VICTORIA -- The City of Victoria is actively working to break down walls for an industry that literally breaks down walls.
Demolition crews in the Capital Region traditionally mow down homes and older buildings with massive cranes and backhoes, but now a new disruptive movement in the field has caught the attention of city council and environmentalists.
"We dismantle buildings by hand, layer by layer," said Adam Corneil, founder of Vancouver-based company Unbuilders.
In a haze of dust, reflective vests and hard hats, Corneil's sizeable crew uses hand tools to cut apart the bones of an old Victoria character home on Cook Street.
The site at 1015 Cook St. is slated to become a new multi-unit development with ground level commercial opportunities.
First, though, a new way of dismantling the existing building is being used as an example of how environmentally friendly demolition can be.
"We are diverting 95 per cent of material from the landfill," said Corneil.
"If we took extra time, really 99 per cent of those materials could be diverted," he said.
Unbuilders specializes in a slow but sustainable method of tearing down walls.
The company's goal is to either reuse or recycle almost every piece of construction waste.
It's more costly and it's a slower demolition process for normally time-strapped construction contractors, but it's a method the City of Victoria is getting behind in a big way.
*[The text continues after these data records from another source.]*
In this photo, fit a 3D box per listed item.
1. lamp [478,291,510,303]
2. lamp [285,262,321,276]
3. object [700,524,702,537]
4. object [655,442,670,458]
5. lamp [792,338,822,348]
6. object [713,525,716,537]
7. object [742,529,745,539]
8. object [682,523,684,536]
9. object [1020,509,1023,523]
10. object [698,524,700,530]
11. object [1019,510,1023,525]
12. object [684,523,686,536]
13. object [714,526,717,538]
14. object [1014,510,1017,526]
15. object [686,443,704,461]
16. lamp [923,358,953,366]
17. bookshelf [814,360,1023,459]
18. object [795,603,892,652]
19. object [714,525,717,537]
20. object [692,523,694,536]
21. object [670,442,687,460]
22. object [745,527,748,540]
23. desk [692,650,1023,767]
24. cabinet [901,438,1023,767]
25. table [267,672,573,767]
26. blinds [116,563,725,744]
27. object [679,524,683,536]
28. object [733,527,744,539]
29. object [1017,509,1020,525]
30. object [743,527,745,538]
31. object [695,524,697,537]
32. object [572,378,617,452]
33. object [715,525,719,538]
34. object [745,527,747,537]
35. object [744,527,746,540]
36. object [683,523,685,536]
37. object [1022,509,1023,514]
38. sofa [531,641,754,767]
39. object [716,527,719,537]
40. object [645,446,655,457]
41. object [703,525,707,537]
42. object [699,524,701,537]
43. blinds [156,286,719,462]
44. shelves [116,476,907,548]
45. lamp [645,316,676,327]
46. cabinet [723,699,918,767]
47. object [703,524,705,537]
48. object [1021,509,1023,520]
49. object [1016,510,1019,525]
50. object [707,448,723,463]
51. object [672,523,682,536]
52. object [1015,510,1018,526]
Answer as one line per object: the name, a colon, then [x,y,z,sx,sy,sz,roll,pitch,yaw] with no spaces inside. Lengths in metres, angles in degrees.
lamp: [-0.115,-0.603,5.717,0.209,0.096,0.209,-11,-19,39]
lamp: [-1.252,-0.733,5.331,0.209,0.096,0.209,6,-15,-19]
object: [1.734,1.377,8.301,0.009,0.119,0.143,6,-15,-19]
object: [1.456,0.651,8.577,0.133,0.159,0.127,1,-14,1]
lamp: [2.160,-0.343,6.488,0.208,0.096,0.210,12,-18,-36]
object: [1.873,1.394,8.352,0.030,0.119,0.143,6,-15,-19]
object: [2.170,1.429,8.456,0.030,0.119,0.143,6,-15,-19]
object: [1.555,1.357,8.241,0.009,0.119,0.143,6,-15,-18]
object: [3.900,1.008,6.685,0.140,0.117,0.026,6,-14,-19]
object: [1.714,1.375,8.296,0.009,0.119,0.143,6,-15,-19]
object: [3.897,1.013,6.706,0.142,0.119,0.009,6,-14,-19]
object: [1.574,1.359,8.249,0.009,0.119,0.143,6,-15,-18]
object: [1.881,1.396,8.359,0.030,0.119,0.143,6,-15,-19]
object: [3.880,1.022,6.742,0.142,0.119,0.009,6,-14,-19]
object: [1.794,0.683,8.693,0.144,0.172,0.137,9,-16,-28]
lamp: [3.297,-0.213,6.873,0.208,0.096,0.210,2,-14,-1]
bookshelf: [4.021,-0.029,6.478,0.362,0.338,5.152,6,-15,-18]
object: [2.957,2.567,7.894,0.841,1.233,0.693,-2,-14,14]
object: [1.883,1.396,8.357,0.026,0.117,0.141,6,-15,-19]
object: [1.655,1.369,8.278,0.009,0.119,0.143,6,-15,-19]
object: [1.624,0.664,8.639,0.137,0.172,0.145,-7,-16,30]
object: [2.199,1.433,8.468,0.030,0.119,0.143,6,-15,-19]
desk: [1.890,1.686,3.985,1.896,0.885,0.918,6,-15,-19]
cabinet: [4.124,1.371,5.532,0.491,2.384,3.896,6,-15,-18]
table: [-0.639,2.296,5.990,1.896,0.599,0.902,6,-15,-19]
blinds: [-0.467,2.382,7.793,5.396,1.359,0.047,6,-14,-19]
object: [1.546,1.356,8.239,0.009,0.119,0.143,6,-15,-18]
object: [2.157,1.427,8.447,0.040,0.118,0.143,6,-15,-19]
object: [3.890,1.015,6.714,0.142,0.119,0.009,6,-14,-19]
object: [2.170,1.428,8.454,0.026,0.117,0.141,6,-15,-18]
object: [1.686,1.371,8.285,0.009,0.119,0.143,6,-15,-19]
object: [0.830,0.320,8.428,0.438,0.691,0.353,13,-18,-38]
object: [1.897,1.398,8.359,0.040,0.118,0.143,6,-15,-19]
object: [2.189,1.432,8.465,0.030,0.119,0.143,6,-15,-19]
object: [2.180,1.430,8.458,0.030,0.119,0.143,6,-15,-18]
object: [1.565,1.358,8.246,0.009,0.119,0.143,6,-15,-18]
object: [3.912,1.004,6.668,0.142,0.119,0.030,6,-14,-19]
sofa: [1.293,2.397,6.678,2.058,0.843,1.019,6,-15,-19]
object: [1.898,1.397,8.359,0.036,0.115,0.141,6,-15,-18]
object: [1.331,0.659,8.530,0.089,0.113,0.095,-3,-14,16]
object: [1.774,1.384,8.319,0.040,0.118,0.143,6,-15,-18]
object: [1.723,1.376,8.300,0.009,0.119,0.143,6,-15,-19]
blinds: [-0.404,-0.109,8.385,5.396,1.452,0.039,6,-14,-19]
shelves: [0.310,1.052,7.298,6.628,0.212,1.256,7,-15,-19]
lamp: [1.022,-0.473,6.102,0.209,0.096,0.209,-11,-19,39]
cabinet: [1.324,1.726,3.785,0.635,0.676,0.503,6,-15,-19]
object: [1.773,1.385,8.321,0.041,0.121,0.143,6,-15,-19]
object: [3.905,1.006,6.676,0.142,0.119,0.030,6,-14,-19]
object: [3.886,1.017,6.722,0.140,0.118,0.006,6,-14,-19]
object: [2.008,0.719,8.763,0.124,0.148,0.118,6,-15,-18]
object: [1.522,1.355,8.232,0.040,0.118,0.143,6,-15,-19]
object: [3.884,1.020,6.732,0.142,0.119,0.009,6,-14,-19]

"It's a massive, massive step with zero waste Victoria," Mayor Lisa Helps told CTV Vancouver Island.
In December 2020, Victoria council voted to approve an ambitious plan to reduce city waste by 50 per cent by 2040.
"If we diverted all the construction waste currently going into the landfill, that would take us 10 per cent of the way to our targets," said Helps.
In an effort to cut red tape for companies like Unbuilders, city staff are in the final stages of drafting a deconstruction bylaw.
According to Helps, cities like Vancouver have reduced the amount of time it takes to gain permits for work like green demotion, which can reduce costs and bring the work on par with traditional demolition companies.
Council is expected to review the bylaw sometime in 2021.
Unbuilding by the numbers
In an average year, the City of Victoria says between 40 to 60 structures are torn down.
City staff say 80 per cent of those buildings are homes.
Based on research out of Vancouver, which the city of Victoria cites, a typical home would create roughly 100 tonnes of waste which is sent to a landfill.
Considering the low end of Victoria's estimate for yearly demolitions, using a new demolition method could divert roughly 3,200 tonnes of waste from the dump each year.
Victoria staff say in the past year, just two construction companies have hired Unbuilder-style demolition teams.
Buying in
Adam Corneil is on the forefront of an industry and knows full-well that it will mean growing pains.
"You throw a glass bottle in the garbage, you feel guilty. That is the way we need people to start looking at demolition," he said. "We need this industry and society to shift."
Corneil has seen a slow trickle of business on Vancouver Island, but he expects things to pick up with cities like Victoria and Nanaimo looking to create legislation for green demolition.
The other side of the coin is contractors. Time and money are always a factor, and Unbuilding is currently slower and more costly.
"It's like everything we've done as far as recycle and renewal and going green, it takes time," said Darren Muscoby with Victoria's One Time Construction.
"It starts expensive and then the price always comes down," he said.
Muscoby says small, efficient and cost-effective demolition companies aren't going anywhere fast. But he knows money is a key driver in the business.
He expects if bylaws can even the playing field between the old way and the new, few would not consider recycling over the dump.